In their bond of drugged communication, the eighty-seven year old woman and the sixteen year old boy shared a vision - each their own private vision. He stared at the mechanics of her body as it pulsated and pounded. Blood flowed; cancer cells rushed together, mated, split, making thousands of young - also rushing, scrambling - the new born giving birth to new borns. It was a 4th of July kaleidoscope of burning colors bursting in a million directions.
Her e
yes were seeing his sometimes face, melting, changing, losing form. This man, this handsome young man.
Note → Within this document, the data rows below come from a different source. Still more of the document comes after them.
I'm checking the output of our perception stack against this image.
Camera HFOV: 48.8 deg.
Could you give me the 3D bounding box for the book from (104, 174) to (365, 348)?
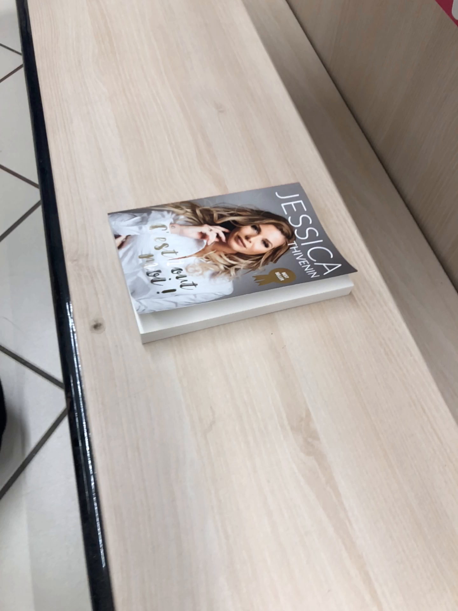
[{"bbox_3d":[0.002,-0.052,0.484,0.213,0.020,0.146,-13,61,-15],"label":"book"}]
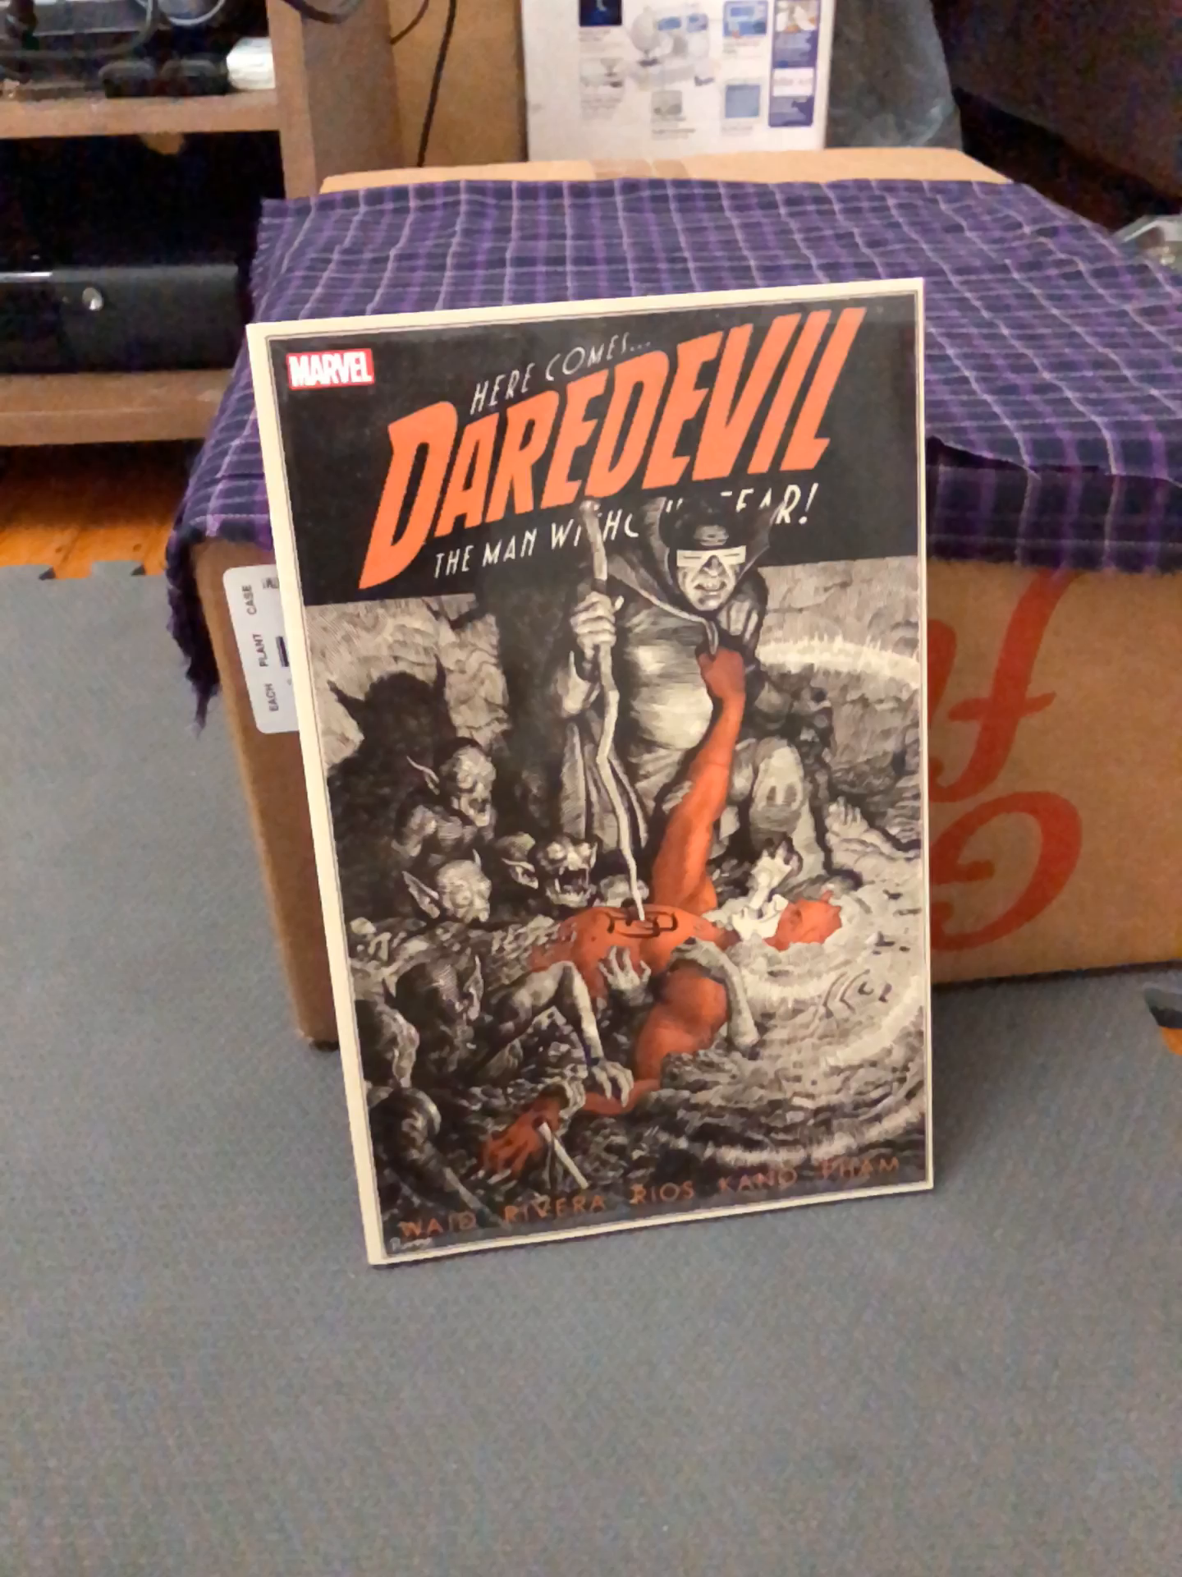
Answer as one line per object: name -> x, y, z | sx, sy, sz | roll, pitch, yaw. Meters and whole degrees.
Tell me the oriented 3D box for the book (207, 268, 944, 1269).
book -> 0.005, 0.000, 0.322 | 0.160, 0.229, 0.020 | -6, 14, -6

He was the angel of death who had come for her, he was not at all what she had expected - she had imagined he would look different. During the years, days, hours, minutes of waiting, while she watched the crack, expecting his shadow to fall across her face, she anticipated the feeling of fear that would accompany his arrival. But no, her pulse quickened with excitement; she felt a stirring in her chest, she felt love. His lips, expanding and dripping with moisture, had kissed hers. His tongue, moist and faintly tasting of oranges, had met and cooled hers. He had come to seduce her. Her thin, brittle arm reached up to brush away the fog before her eyes and with one quick movement the heel of her palm thrust the throbbing needle deep, deep into her temple. As she looked into his eyes, she knew he was, after all, the Angel of Death.
"My God, oh my God!" Christine screamed. "Nurse, nurse! Why did she do that!"
She went screaming down the hall in a frantic search for help, for a witness to confirm her mother's death.
The three children on Ecstasy were totally tripping. The children looked amazed, but not frightened. Rachael quickly lifted the sheet and there between the old woman's legs she put it - The Suncatcher. "Can you imagine their surprise?" she giggled in Matthew's ear. "Eighty-seven and just gave birth. I bet they'll have trouble figuring this one out."
Rachael covered her mouth with her hands and laughed into them. It was hysterical, wild laughter without any mirth. They huddled together. It would be a riot telling their friends about this practical joke.
It was something about the fresh air or the bright sunshine that suddenly made Matt feel uneasy. Luke was still tripping.
"That wasn't really funny, you know - it was really sick," Matt whispered to Rachael.
"Why look at me - what about Luke?"
"I didn't do nothing," Luke protested.
"I do sorta remember her. She always told us that story about Billy goats gruff," Matt said to no one in particular.